The demo demonstrates an example of joint usage of several neural networks to detect 3 basic actions (sitting, standing, raising hand) and recognize people by faces in the classroom environment. The demo uses Async API for action and face detection nets. It allows to parallelize execution of face recognition and detection: while face recognition is running on one accelerator face and action detection could performed on other. The corresponding pre-trained models are delivered with the product:
face-detection-retail-0004
, which is a primary detection network for finding faces.landmarks-regression-retail-0009
, which is executed on top of the results from the first network and outputs a vector of facial landmarks for each detected face.face-reidentification-retail-0071
, which is executed on top of the results from the first network and outputs a vector of features for each detected face.person-detection-action-recognition-0003
, which is a detection network for finding persons and simultaneously predicting their current actions.
On the start-up the application reads command line parameters and loads to the InferenceEngine four networks for execution on different devices depending on -d... options family. Upon getting a frame from the OpenCV's VideoCapture it performs inference of face detection and action detection networks. After that rois obtained by face detector are feed to facial landmarks regression network. Then landmarks are used to align faces by affine transform and feed them to the face recognition net.
To recognize faces on a frame the demo needs a gallery of reference images. Each image should contain a tight crop of face.
- Gallery can be created from an arbitrary list of images. Put images containing tight crops of frontal-oriented faces to a separate empty folder. Each identity could have multiple images. Naming convention:
id_name.0.png, id_name.1.png, ...
. - Run
create_list.py <path_to_folder_with_images>
to get a list of files and identities injson
format.
Running the application with the -h
option yields the following usage message:
./smart_classroom_demo -h
InferenceEngine:
API version ............ <version>
Build .................. <number>
smart_classroom_demo [OPTION]
Options:
-h Print a usage message.
-i "<path>" Required. Path to a video or image file. Default value is "cam" to work with camera.
-m_act "<path>" Required. Path to the Person/Action Detection Retail model (.xml) file.
-m_fd "<path>" Required. Path to the Face Detection Retail model (.xml) file.

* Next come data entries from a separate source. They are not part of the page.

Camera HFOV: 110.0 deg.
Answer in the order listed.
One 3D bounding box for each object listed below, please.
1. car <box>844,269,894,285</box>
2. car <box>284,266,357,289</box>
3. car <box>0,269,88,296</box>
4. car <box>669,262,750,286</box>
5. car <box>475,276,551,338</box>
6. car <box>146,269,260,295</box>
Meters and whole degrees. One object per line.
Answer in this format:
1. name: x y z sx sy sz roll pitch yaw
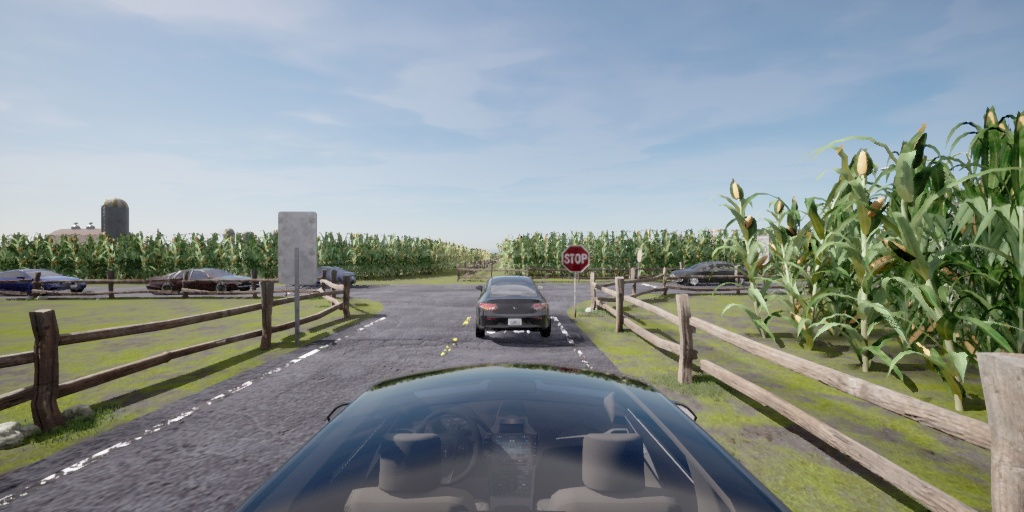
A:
1. car: 24.443 1.089 23.353 4.674 1.442 1.812 -1 0 0
2. car: -12.430 1.385 23.414 4.181 1.385 1.994 0 0 0
3. car: -27.375 1.487 20.485 4.674 1.442 1.812 0 0 0
4. car: 12.821 1.143 23.336 4.892 1.490 1.837 -1 0 -1
5. car: -0.041 1.275 10.132 1.812 1.442 4.674 0 0 -3
6. car: -17.528 1.429 20.472 5.357 1.411 2.033 0 0 0
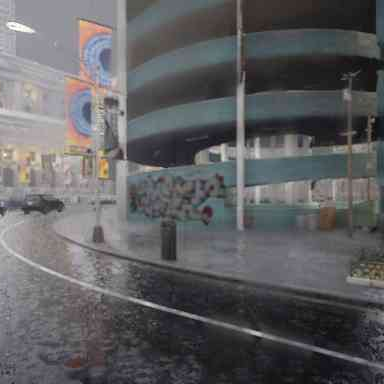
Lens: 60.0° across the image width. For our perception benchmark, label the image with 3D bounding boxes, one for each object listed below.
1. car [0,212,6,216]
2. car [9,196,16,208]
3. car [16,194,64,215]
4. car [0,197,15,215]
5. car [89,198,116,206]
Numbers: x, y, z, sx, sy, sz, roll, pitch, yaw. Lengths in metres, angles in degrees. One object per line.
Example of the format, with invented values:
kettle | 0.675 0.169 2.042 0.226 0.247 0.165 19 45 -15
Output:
car | -8.484 1.511 12.374 1.837 1.490 4.892 -1 0 -38
car | -24.045 1.372 43.952 2.097 1.767 4.553 0 0 16
car | -15.085 1.236 33.945 2.150 2.045 5.566 0 0 2
car | -18.412 1.506 29.989 2.128 1.511 4.902 0 0 -5
car | -14.874 1.622 55.864 1.895 1.301 4.718 0 0 34
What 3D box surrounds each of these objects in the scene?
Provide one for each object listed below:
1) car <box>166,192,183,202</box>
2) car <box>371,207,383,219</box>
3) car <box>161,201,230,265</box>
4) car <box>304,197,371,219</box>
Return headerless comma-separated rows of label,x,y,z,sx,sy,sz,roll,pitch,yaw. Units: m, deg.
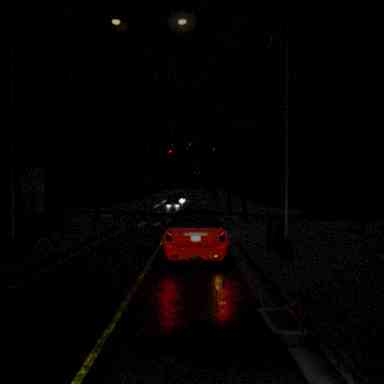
car,-2.756,1.050,49.267,2.033,1.411,5.357,0,1,0
car,18.158,1.743,29.903,4.206,1.307,1.802,1,0,0
car,0.114,1.375,11.887,2.097,1.767,4.553,0,0,0
car,12.759,1.399,29.904,5.009,1.841,2.192,1,0,0
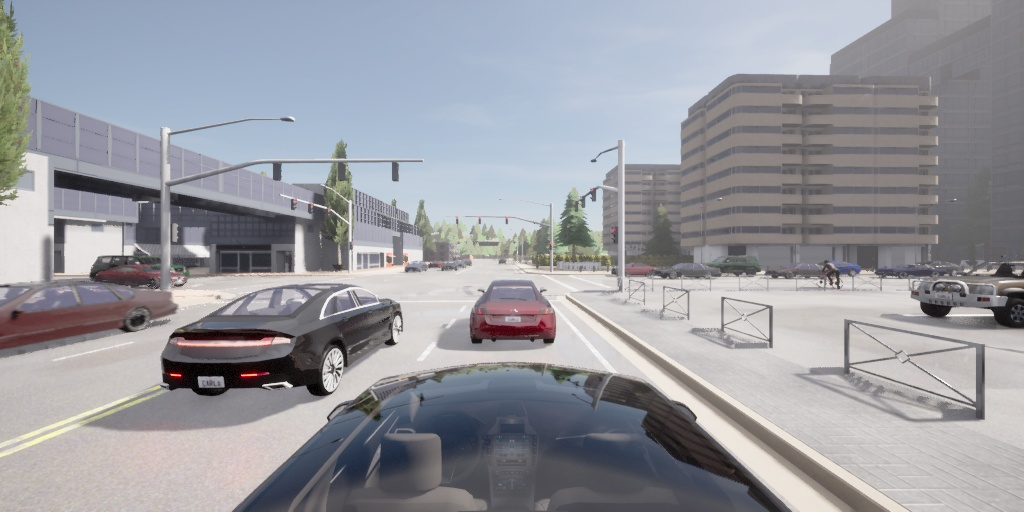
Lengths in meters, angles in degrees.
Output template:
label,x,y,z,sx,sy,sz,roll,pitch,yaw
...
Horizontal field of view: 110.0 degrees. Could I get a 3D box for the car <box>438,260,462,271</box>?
label,x,y,z,sx,sy,sz,roll,pitch,yaw
car,-8.369,1.314,48.935,1.994,1.385,4.181,0,0,-2

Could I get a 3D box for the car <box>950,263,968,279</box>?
label,x,y,z,sx,sy,sz,roll,pitch,yaw
car,41.227,1.255,35.414,4.892,1.490,1.837,0,0,-1

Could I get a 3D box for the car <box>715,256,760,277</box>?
label,x,y,z,sx,sy,sz,roll,pitch,yaw
car,21.085,0.971,34.857,5.566,2.045,2.150,0,0,-2

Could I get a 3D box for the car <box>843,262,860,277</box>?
label,x,y,z,sx,sy,sz,roll,pitch,yaw
car,31.111,1.228,35.150,5.008,1.535,1.882,0,0,-2

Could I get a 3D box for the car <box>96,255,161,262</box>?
label,x,y,z,sx,sy,sz,roll,pitch,yaw
car,-26.447,0.971,25.579,5.566,2.045,2.150,0,0,-1

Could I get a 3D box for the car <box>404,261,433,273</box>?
label,x,y,z,sx,sy,sz,roll,pitch,yaw
car,-11.770,1.297,44.479,2.033,1.411,5.357,0,0,-1

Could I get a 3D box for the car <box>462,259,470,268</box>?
label,x,y,z,sx,sy,sz,roll,pitch,yaw
car,-8.633,1.297,59.232,2.033,1.411,5.357,0,0,-1

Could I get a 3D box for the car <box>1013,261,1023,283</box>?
label,x,y,z,sx,sy,sz,roll,pitch,yaw
car,43.298,1.314,28.363,4.181,1.385,1.994,0,0,-1

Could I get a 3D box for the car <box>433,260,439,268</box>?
label,x,y,z,sx,sy,sz,roll,pitch,yaw
car,-12.083,1.351,57.005,1.895,1.301,4.718,0,0,-1

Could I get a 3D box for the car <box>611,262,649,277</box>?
label,x,y,z,sx,sy,sz,roll,pitch,yaw
car,11.742,1.314,34.576,4.181,1.385,1.994,0,0,-2

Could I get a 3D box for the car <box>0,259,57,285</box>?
label,x,y,z,sx,sy,sz,roll,pitch,yaw
car,-35.811,1.102,25.364,4.553,1.767,2.097,0,0,-1

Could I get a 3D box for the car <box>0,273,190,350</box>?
label,x,y,z,sx,sy,sz,roll,pitch,yaw
car,-10.649,1.297,8.053,2.033,1.411,5.357,0,0,-1

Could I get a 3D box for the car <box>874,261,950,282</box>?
label,x,y,z,sx,sy,sz,roll,pitch,yaw
car,35.165,1.351,31.761,4.718,1.301,1.895,0,0,-2

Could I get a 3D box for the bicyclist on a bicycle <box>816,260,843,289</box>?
label,x,y,z,sx,sy,sz,roll,pitch,yaw
bicyclist on a bicycle,17.925,1.052,20.271,0.582,1.620,1.656,0,0,-2

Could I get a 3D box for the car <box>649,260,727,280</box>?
label,x,y,z,sx,sy,sz,roll,pitch,yaw
car,15.232,1.297,31.179,5.357,1.411,2.033,0,0,-2

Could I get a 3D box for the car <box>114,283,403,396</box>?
label,x,y,z,sx,sy,sz,roll,pitch,yaw
car,-3.475,1.242,6.564,2.128,1.511,4.902,0,0,0

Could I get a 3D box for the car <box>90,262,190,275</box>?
label,x,y,z,sx,sy,sz,roll,pitch,yaw
car,-22.890,1.276,22.183,4.674,1.442,1.812,0,0,0

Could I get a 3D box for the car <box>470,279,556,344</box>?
label,x,y,z,sx,sy,sz,roll,pitch,yaw
car,0.010,1.314,9.623,1.994,1.385,4.181,0,0,0

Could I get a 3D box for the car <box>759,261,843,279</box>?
label,x,y,z,sx,sy,sz,roll,pitch,yaw
car,25.302,1.297,31.479,5.357,1.411,2.033,0,0,-2

-m_lm "<path>" Required. Path to the Facial Landmarks Regression Retail model (.xml) file.
-m_reid "<path>" Required. Path to the Face Reidentification Retail model (.xml) file.
-l "<absolute_path>" Optional. For MKLDNN (CPU)-targeted custom layers, if any. Absolute path to a shared library with the kernels impl.
Or
-c "<absolute_path>" Optional. For clDNN (GPU)-targeted custom kernels, if any. Absolute path to the xml file with the kernels desc.
-d_act "<device>" Optional. Specify the target device for Person/Action Detection Retail (CPU, GPU, FPGA, MYRIAD, or HETERO).
-d_fd "<device>" Optional. Specify the target device for Face Detection Retail (CPU, GPU, FPGA, MYRIAD, or HETERO).
-d_lm "<device>" Optional. Specify the target device for Landmarks Regression Retail (CPU, GPU, FPGA, MYRIAD, or HETERO).
-d_reid "<device>" Optional. Specify the target device for Face Reidentification Retail (CPU, GPU, FPGA, MYRIAD, or HETERO).
-out_v "<path>" Optional. File to write output video with visualization to.
-pc Optional. Enables per-layer performance statistics.
-r Optional. Output Inference results as raw values.
-t_act Optional. Probability threshold for persons/actions detections.
-t_fd Optional. Probability threshold for face detections.
-inh_fd Optional. Input image height for face detector.
-inw_fd Optional. Input image width for face detector.
-exp_r_fd Optional. Expand ratio for bbox before face recognition.
-t_reid Optional. Cosine distance threshold between two vectors for face reidentification.
-fg Optional. Path to a faces gallery in json format.
-no_show Optional. No show processed video.
Running the application with the empty list of options yields the usage message given above and an error message.
Example of a valid command line to run the application:
./smart_classroom_demo -m_act <path to the person/action detection retail model .xml file> -m_fd <path to the face detection retail model .xml file> -m_reid <path to the face reidentification retail model .xml file> -m_lm <path to the landmarks regression retail model .xml file> -fg <path to faces_gallery.json> -i <path to the input video>
Notice that the network should be converted from the Caffe* (*.prototxt + .model) to the Inference Engine format (.xml + *bin) first, by use of the Model Optimizer tool.
The demo uses OpenCV to display the resulting frame with labeled actions and faces.